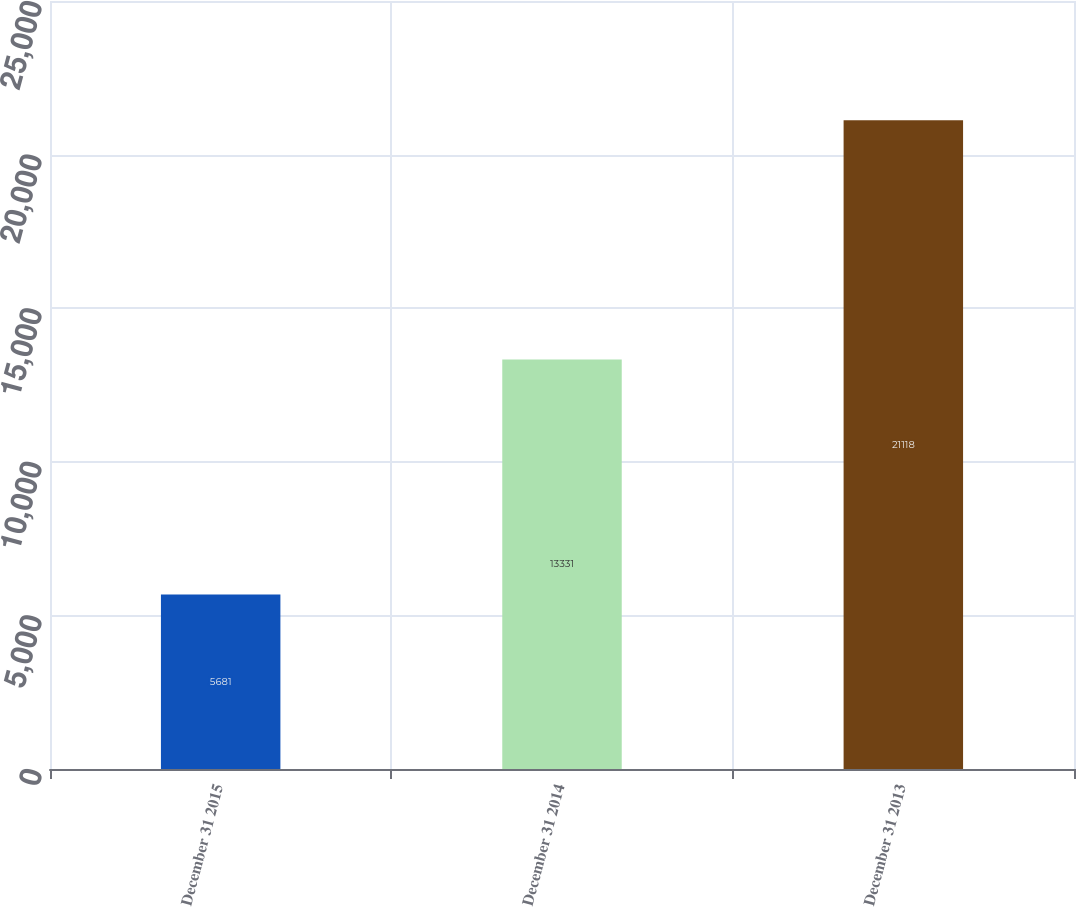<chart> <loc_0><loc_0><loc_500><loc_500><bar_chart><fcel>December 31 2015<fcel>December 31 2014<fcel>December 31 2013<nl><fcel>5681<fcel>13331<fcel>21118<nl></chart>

...

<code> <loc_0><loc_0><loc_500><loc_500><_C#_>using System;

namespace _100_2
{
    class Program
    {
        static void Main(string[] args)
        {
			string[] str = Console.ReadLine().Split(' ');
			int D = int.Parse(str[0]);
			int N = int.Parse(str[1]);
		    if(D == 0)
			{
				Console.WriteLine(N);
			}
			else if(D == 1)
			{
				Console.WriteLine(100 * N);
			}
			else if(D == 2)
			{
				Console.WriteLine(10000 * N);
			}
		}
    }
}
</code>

Your goal
Give the number of lines in the entries that contain the word "Console", without any other words.

Problem solution
4